- Exercise prompt:
Among the lines below, count those with "Illuminate". Give only the number.

Items listed in a dataset
_____
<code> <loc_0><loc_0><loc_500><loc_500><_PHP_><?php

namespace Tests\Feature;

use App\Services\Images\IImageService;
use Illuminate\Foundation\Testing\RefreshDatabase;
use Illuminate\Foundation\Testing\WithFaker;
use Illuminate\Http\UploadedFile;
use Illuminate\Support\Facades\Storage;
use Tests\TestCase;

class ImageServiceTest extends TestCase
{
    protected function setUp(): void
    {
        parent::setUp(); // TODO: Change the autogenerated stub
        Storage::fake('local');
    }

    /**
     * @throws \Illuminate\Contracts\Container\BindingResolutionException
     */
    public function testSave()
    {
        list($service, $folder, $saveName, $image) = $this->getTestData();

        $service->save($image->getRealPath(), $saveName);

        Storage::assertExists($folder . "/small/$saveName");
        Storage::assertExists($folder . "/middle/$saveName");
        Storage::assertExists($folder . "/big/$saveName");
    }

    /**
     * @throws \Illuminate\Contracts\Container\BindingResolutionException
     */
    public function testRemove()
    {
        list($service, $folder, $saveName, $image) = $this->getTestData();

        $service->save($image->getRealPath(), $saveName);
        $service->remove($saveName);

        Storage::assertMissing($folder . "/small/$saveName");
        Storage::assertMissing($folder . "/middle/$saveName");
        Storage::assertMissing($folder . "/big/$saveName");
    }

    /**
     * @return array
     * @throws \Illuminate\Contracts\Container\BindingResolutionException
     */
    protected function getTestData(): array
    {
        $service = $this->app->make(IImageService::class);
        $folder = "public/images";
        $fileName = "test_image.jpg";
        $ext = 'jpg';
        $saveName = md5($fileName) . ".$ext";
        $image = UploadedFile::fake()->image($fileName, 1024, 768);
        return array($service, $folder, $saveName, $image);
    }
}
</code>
_____
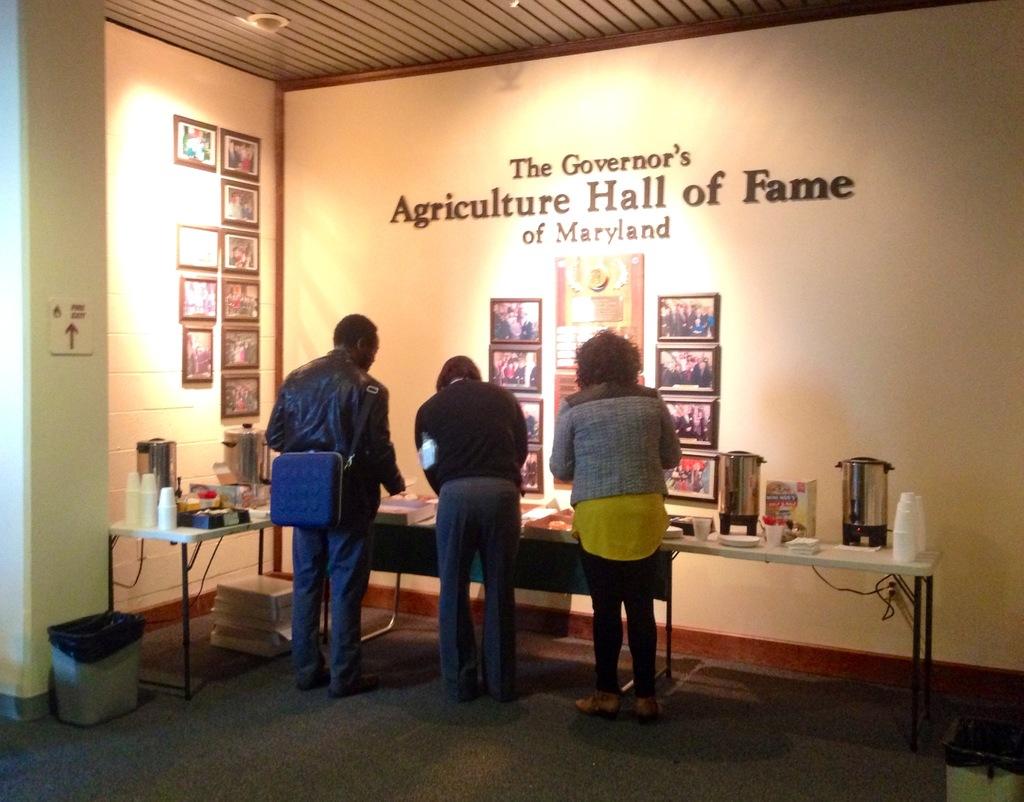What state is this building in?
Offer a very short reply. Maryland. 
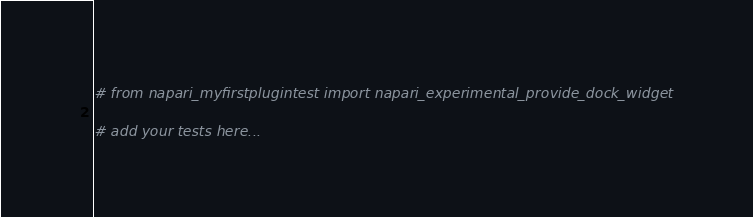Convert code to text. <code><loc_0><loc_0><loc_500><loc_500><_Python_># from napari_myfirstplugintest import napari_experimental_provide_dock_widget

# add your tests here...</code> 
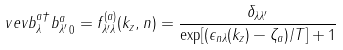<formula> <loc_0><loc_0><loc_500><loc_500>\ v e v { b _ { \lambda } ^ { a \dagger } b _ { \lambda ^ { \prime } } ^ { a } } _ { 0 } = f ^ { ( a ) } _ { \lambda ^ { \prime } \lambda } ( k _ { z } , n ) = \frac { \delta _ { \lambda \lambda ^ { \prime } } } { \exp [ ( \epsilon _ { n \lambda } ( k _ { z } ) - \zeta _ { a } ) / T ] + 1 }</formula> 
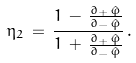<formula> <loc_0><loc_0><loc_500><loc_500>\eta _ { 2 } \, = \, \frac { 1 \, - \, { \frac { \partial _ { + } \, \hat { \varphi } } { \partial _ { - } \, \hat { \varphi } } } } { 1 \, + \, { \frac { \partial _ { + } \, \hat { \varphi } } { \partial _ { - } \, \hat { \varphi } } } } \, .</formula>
_____
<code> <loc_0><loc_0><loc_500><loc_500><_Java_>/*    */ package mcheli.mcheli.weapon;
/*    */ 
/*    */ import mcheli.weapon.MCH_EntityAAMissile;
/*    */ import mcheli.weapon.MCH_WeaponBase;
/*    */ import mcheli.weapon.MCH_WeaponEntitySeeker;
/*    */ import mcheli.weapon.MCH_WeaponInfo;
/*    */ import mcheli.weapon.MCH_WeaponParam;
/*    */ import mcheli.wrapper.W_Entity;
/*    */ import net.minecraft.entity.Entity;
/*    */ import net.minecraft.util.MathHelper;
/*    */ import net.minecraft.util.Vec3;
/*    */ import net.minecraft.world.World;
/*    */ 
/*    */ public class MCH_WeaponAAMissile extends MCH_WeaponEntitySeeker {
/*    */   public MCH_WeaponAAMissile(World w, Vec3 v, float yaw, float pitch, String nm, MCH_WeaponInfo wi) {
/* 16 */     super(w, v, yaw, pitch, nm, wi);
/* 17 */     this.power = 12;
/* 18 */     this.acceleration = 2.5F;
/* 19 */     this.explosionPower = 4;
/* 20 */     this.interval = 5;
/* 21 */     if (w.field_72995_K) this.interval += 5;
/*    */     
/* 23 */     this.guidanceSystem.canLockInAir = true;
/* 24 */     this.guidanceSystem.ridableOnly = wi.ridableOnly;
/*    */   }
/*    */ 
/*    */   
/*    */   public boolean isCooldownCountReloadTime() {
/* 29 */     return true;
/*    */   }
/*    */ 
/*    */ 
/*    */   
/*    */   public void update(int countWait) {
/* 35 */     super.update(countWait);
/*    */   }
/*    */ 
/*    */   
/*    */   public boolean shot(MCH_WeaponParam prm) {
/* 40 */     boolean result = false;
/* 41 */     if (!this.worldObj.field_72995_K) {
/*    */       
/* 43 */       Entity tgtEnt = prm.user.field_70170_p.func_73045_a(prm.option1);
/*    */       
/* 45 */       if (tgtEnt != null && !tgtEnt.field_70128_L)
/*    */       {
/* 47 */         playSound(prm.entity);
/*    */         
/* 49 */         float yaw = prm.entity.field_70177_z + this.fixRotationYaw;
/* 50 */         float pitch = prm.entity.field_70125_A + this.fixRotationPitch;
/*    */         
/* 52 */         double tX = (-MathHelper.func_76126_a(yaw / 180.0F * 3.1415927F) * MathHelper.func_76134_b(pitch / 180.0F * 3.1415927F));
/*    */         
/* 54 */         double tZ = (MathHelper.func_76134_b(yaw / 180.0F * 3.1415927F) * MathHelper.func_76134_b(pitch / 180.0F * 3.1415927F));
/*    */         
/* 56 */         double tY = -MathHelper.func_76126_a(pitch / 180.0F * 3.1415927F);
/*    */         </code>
_____
- The answer:
7